For some reason I don’t yet understand I had to change 2 things that worked fine with Ubuntu:

  • increase the index of the arguments (“${words[1]” and “${words[2]” instead of “${words[0]” and “${words[1]”
  • use capital letters for the keywords

This script sends “run-timed” commands to the motor file descriptors (you can read a good explanation on this ev3dev tutorial: ‘Using the Tacho-Motor Class’). I didn’t write commands for “move backward” this time (it would require extra lines to change direction, not difficult but I don’t want to increase the script to much).

Before we can use this script, we need to initialize the motors so we can use this other script, “init.sh”

#!/bin/bash

echo 1050 > /sys/class/tacho-motor/motor0/speed_sp
echo 200 > /sys/class/tacho-motor/motor0/time_sp
echo 1050 > /sys/class/tacho-motor/motor1/speed_sp
echo 200 > /sys/class/tacho-motor/motor1/time_sp

(it just sets maximum speed to motor0 and motor1 and the timer to 200 ms for the duration of each “run-timed” command).

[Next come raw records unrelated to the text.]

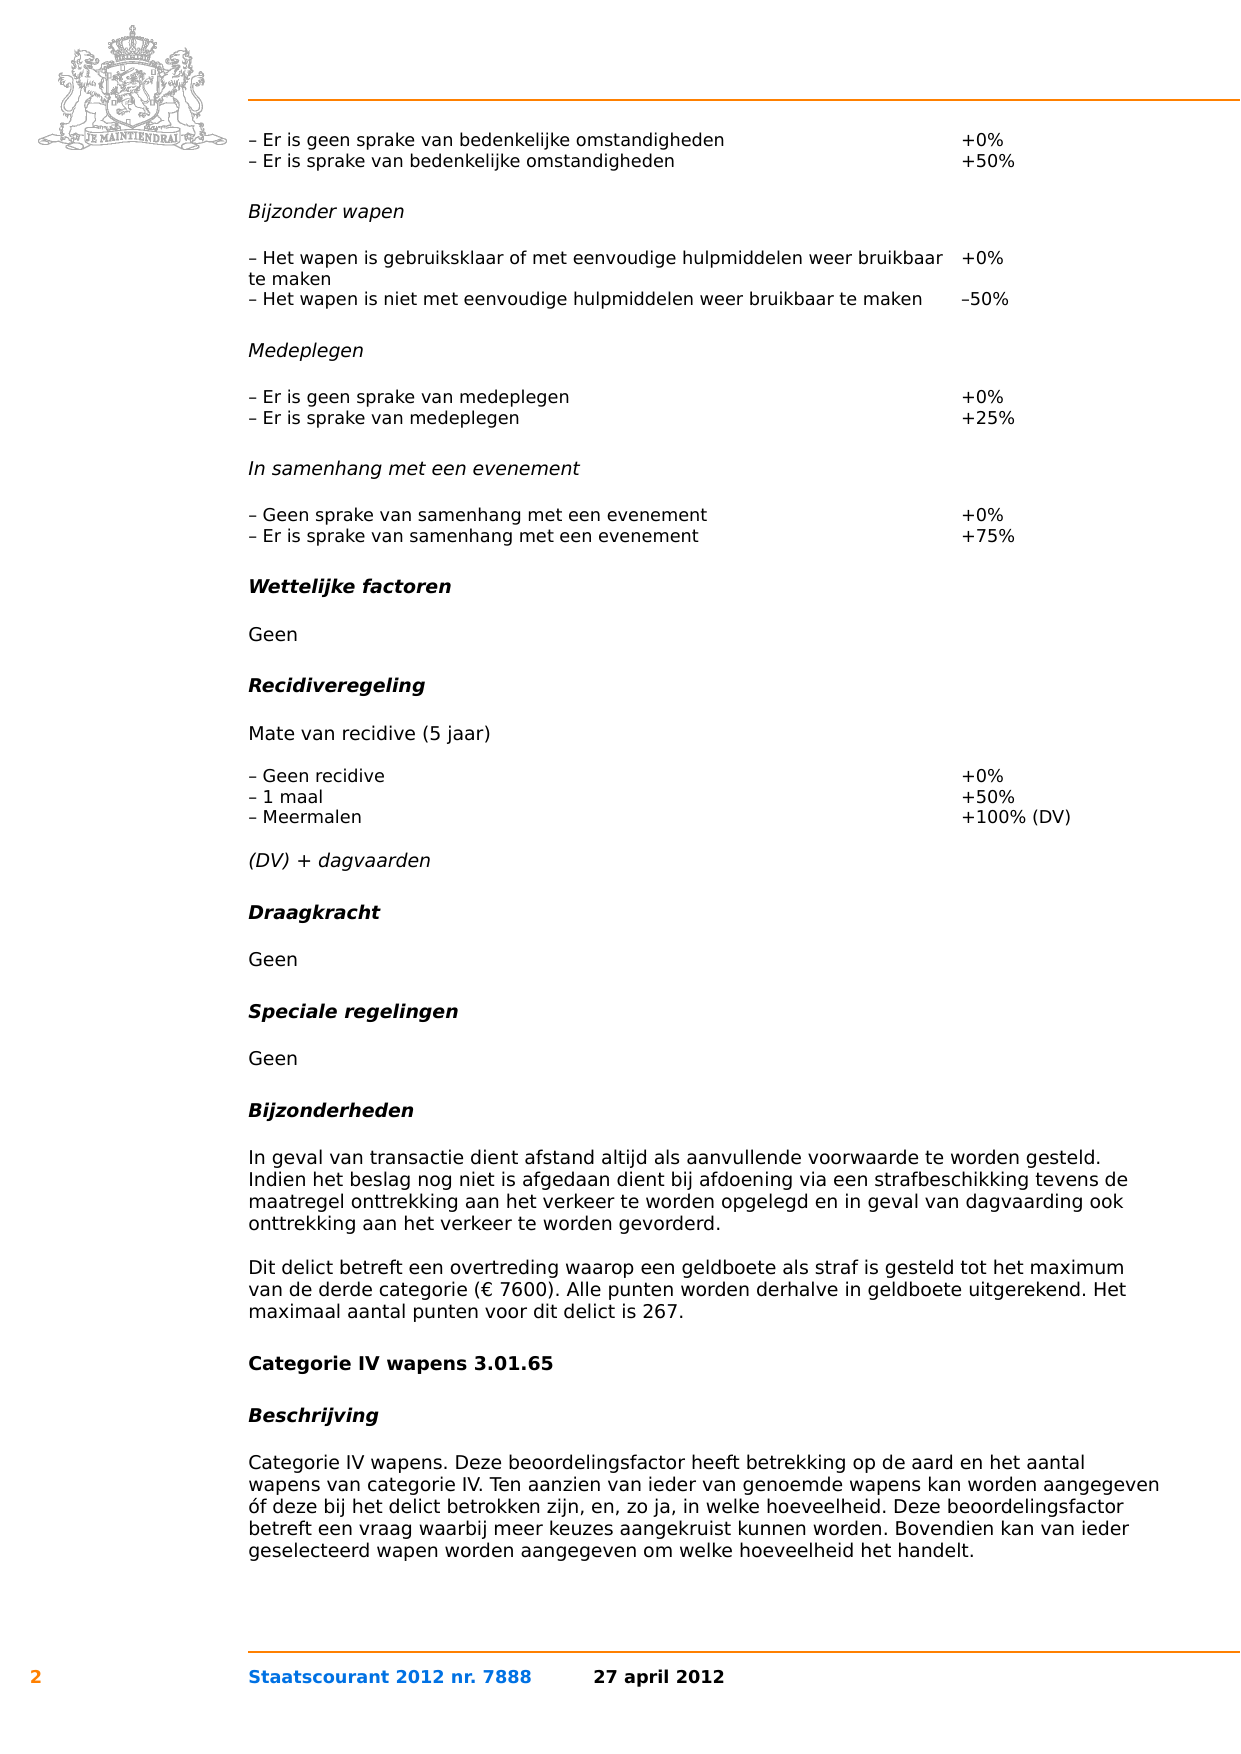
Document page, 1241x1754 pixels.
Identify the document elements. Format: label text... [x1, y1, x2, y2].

table_cell +75% [955, 526, 1163, 546]
table_cell +25% [955, 408, 1163, 428]
table_header +0% [955, 505, 1163, 526]
table_header +0% [955, 130, 1163, 151]
table_cell – Meermalen [248, 808, 955, 828]
table_cell – Er is sprake van bedenkelijke omstandigheden [248, 151, 955, 171]
text Dit delict betreft een overtreding waarop een geldboete als straf is gesteld tot het maximum van de derde categorie (€ 7600). Alle punten worden derhalve in geldboete uitgerekend. Het maximaal aantal punten voor dit delict is 267. [248, 1257, 1163, 1323]
subtitle Bijzonderheden [248, 1100, 1163, 1122]
table_cell – Er is sprake van samenhang met een evenement [248, 526, 955, 546]
table_cell – 1 maal [248, 787, 955, 807]
subtitle Beschrijving [248, 1404, 1163, 1427]
text Mate van recidive (5 jaar) [248, 722, 1163, 744]
table_cell +50% [955, 787, 1163, 807]
subtitle Draagkracht [248, 902, 1163, 924]
table_cell – Het wapen is niet met eenvoudige hulpmiddelen weer bruikbaar te maken [248, 289, 955, 310]
table_header +0% [955, 387, 1163, 408]
table_header +0% [955, 248, 1163, 289]
table_header – Er is geen sprake van bedenkelijke omstandigheden [248, 130, 955, 151]
text Categorie IV wapens. Deze beoordelingsfactor heeft betrekking op de aard en het aantal wapens van categorie IV. Ten aanzien van ieder van genoemde wapens kan worden aangegeven óf deze bij het delict betrokken zijn, en, zo ja, in welke hoeveelheid. Deze beoordelingsfactor betreft een vraag waarbij meer keuzes aangekruist kunnen worden. Bovendien kan van ieder geselecteerd wapen worden aangegeven om welke hoeveelheid het handelt. [248, 1452, 1163, 1561]
subtitle Wettelijke factoren [248, 576, 1163, 598]
subtitle Speciale regelingen [248, 1001, 1163, 1023]
subtitle Bijzonder wapen [248, 201, 1163, 223]
text Geen [248, 623, 1163, 645]
picture [38, 25, 227, 150]
text Geen [248, 1048, 1163, 1070]
text (DV) + dagvaarden [248, 850, 1163, 872]
table_cell +100% (DV) [955, 808, 1163, 828]
subtitle In samenhang met een evenement [248, 458, 1163, 480]
subtitle Recidiveregeling [248, 675, 1163, 697]
table_header – Er is geen sprake van medeplegen [248, 387, 955, 408]
table_header – Het wapen is gebruiksklaar of met eenvoudige hulpmiddelen weer bruikbaar te maken [248, 248, 955, 289]
table_header – Geen sprake van samenhang met een evenement [248, 505, 955, 526]
table_header +0% [955, 766, 1163, 787]
text In geval van transactie dient afstand altijd als aanvullende voorwaarde te worden gesteld. Indien het beslag nog niet is afgedaan dient bij afdoening via een strafbeschikking tevens de maatregel onttrekking aan het verkeer te worden opgelegd en in geval van dagvaarding ook onttrekking aan het verkeer te worden gevorderd. [248, 1147, 1163, 1235]
subtitle Medeplegen [248, 340, 1163, 362]
table_cell +50% [955, 151, 1163, 171]
text Geen [248, 949, 1163, 971]
table_cell –50% [955, 289, 1163, 310]
table_cell – Er is sprake van medeplegen [248, 408, 955, 428]
subtitle Categorie IV wapens 3.01.65 [248, 1353, 1163, 1374]
table_header – Geen recidive [248, 766, 955, 787]
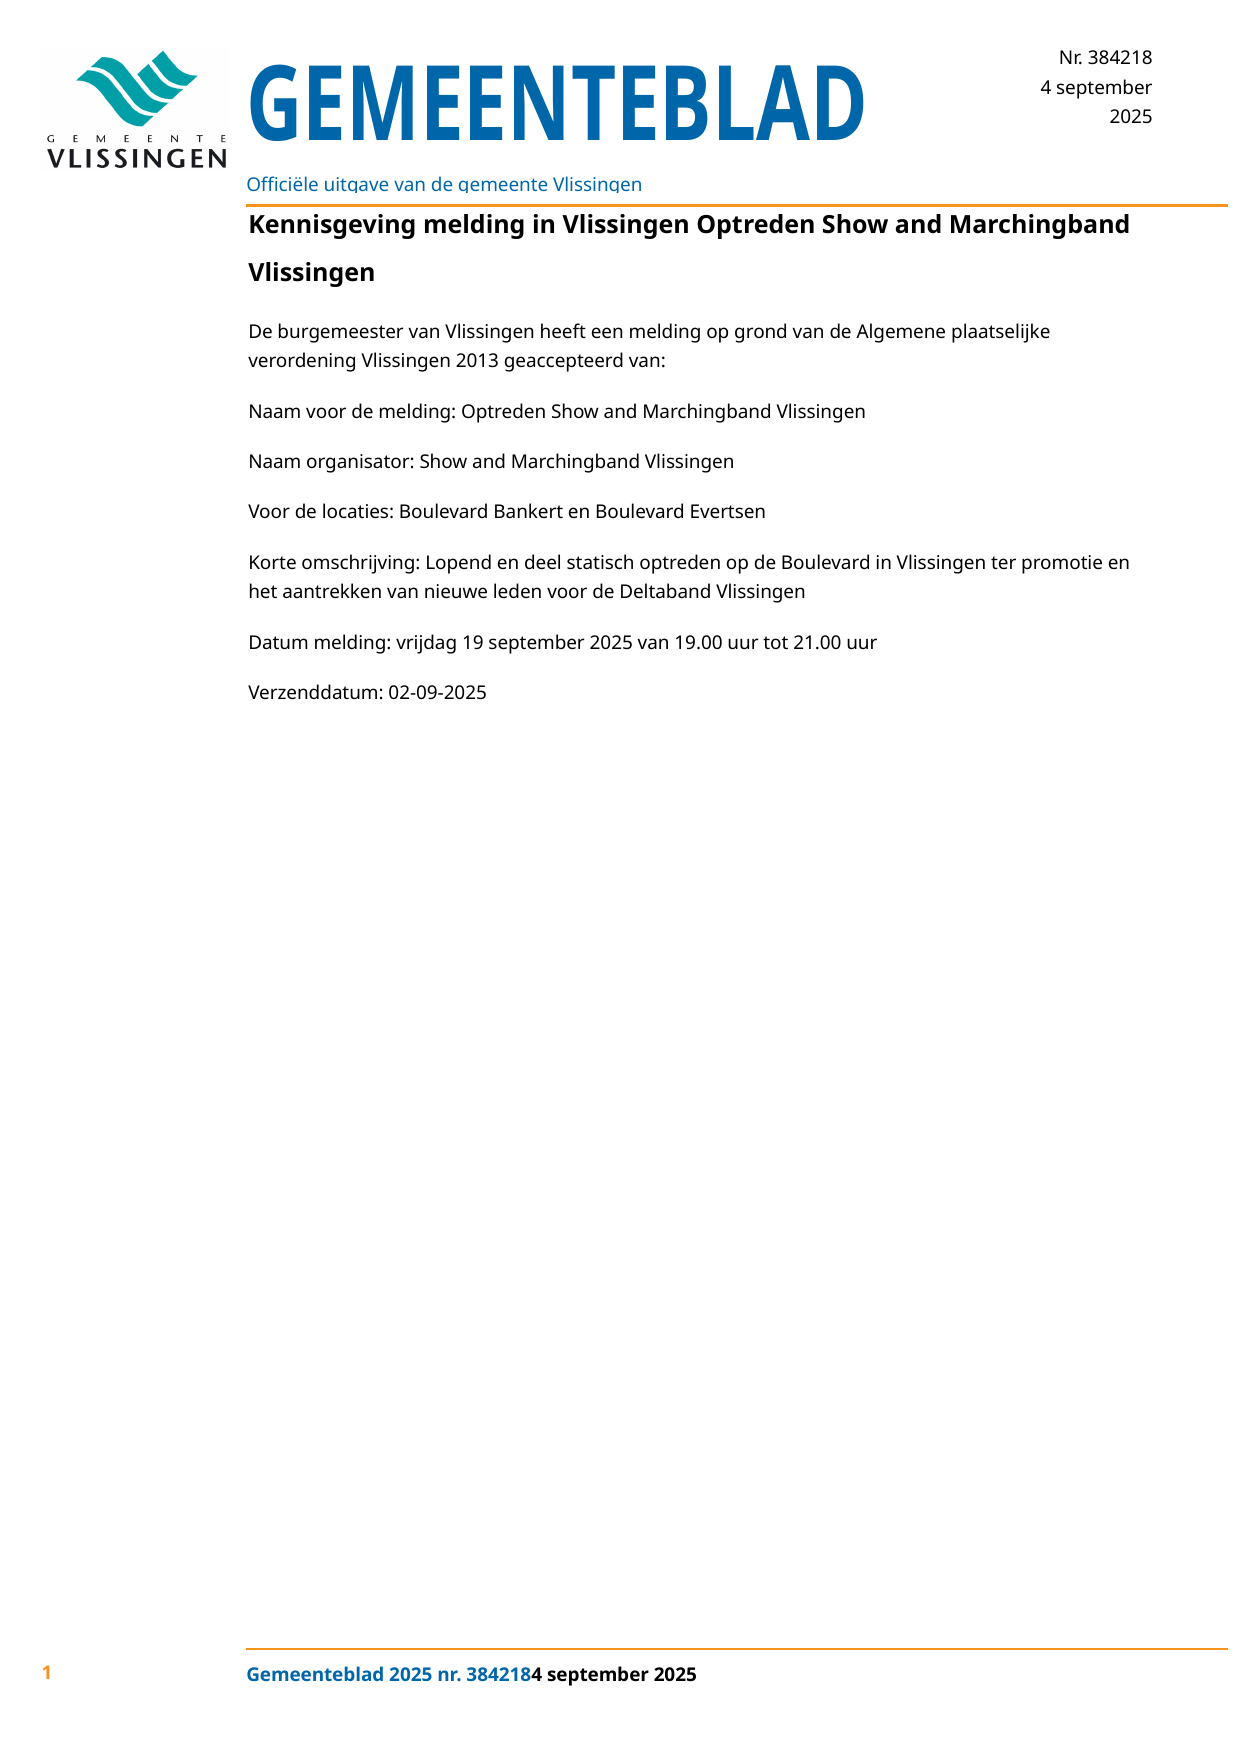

So we open two a second ssh session to our EV3 and we ran in the first session:

unbuffer pocketsphinx_continuous -kws keyphrase_list.txt -adcdev hw:1,0 -lm 0772.lm -dict 0772.dic -inmic yes -logfn /dev/null > pipe

and in the second session:

cat pipe | ./controller.sh

And presto!

The robot is a RileyRover, a “very quick to build” design from Damien Kee.